Your instructions: From the records below, extract only the lines running from the line with "4) person <box>1377,440,1406,571</box>" to the line with "2D boxes: x1, y1, x2, y2 in pixels.", both lines included, reproducing them exactly.

Data items:
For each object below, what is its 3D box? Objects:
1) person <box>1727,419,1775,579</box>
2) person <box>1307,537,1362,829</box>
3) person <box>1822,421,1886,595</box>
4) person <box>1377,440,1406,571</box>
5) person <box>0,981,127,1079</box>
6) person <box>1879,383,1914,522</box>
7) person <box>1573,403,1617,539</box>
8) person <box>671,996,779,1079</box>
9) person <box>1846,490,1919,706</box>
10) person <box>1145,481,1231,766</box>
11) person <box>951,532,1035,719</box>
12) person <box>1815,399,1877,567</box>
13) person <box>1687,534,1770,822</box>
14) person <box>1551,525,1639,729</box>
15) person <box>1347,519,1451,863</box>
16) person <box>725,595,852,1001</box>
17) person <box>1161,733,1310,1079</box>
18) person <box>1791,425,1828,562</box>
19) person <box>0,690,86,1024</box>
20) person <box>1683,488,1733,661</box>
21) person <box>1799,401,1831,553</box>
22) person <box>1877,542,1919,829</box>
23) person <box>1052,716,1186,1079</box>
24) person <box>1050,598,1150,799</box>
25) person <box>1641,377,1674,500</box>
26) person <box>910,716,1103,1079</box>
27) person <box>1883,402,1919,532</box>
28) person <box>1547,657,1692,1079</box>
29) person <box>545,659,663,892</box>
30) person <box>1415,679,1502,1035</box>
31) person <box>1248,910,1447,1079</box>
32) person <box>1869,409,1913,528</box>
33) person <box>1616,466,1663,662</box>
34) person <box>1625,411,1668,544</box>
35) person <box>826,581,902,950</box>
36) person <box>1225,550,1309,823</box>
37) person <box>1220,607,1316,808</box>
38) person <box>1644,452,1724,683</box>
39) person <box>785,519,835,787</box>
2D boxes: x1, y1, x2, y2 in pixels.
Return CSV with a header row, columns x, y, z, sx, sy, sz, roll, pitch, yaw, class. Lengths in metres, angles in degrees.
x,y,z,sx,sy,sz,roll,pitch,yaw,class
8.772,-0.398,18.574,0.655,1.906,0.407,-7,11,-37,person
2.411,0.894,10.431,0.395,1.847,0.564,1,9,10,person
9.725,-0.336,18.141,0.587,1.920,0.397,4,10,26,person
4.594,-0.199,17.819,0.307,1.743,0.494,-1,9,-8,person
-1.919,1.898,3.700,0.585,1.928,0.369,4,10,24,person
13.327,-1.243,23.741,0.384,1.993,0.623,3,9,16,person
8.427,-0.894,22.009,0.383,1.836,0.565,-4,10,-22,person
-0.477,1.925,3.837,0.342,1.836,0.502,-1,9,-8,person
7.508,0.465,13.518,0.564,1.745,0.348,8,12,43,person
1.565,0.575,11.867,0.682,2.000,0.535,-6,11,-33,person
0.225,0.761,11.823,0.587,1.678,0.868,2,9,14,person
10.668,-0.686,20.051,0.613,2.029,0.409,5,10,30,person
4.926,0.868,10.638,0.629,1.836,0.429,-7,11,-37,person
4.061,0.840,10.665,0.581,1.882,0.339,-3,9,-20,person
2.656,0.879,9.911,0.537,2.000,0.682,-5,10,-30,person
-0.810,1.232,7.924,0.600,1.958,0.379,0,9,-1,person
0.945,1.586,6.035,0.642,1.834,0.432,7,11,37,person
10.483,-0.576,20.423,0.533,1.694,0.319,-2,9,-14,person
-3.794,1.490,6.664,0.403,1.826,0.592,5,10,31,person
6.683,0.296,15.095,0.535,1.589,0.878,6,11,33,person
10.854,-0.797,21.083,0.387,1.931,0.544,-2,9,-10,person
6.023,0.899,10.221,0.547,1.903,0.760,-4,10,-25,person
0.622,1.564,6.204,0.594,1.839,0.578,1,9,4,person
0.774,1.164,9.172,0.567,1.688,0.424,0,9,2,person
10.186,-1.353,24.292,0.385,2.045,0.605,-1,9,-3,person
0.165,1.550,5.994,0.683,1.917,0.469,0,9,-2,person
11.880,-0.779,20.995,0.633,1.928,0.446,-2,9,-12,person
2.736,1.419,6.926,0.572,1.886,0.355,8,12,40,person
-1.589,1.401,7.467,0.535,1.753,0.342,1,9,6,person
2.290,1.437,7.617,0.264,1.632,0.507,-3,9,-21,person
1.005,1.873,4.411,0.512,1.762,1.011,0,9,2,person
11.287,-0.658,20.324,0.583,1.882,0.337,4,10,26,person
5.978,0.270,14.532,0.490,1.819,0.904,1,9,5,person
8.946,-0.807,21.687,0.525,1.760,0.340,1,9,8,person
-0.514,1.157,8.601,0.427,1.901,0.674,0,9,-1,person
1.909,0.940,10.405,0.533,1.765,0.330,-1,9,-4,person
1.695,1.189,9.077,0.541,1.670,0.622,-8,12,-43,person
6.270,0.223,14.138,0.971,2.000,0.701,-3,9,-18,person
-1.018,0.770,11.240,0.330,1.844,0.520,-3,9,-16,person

Result of this task:
4) person <box>1377,440,1406,571</box>
5) person <box>0,981,127,1079</box>
6) person <box>1879,383,1914,522</box>
7) person <box>1573,403,1617,539</box>
8) person <box>671,996,779,1079</box>
9) person <box>1846,490,1919,706</box>
10) person <box>1145,481,1231,766</box>
11) person <box>951,532,1035,719</box>
12) person <box>1815,399,1877,567</box>
13) person <box>1687,534,1770,822</box>
14) person <box>1551,525,1639,729</box>
15) person <box>1347,519,1451,863</box>
16) person <box>725,595,852,1001</box>
17) person <box>1161,733,1310,1079</box>
18) person <box>1791,425,1828,562</box>
19) person <box>0,690,86,1024</box>
20) person <box>1683,488,1733,661</box>
21) person <box>1799,401,1831,553</box>
22) person <box>1877,542,1919,829</box>
23) person <box>1052,716,1186,1079</box>
24) person <box>1050,598,1150,799</box>
25) person <box>1641,377,1674,500</box>
26) person <box>910,716,1103,1079</box>
27) person <box>1883,402,1919,532</box>
28) person <box>1547,657,1692,1079</box>
29) person <box>545,659,663,892</box>
30) person <box>1415,679,1502,1035</box>
31) person <box>1248,910,1447,1079</box>
32) person <box>1869,409,1913,528</box>
33) person <box>1616,466,1663,662</box>
34) person <box>1625,411,1668,544</box>
35) person <box>826,581,902,950</box>
36) person <box>1225,550,1309,823</box>
37) person <box>1220,607,1316,808</box>
38) person <box>1644,452,1724,683</box>
39) person <box>785,519,835,787</box>
2D boxes: x1, y1, x2, y2 in pixels.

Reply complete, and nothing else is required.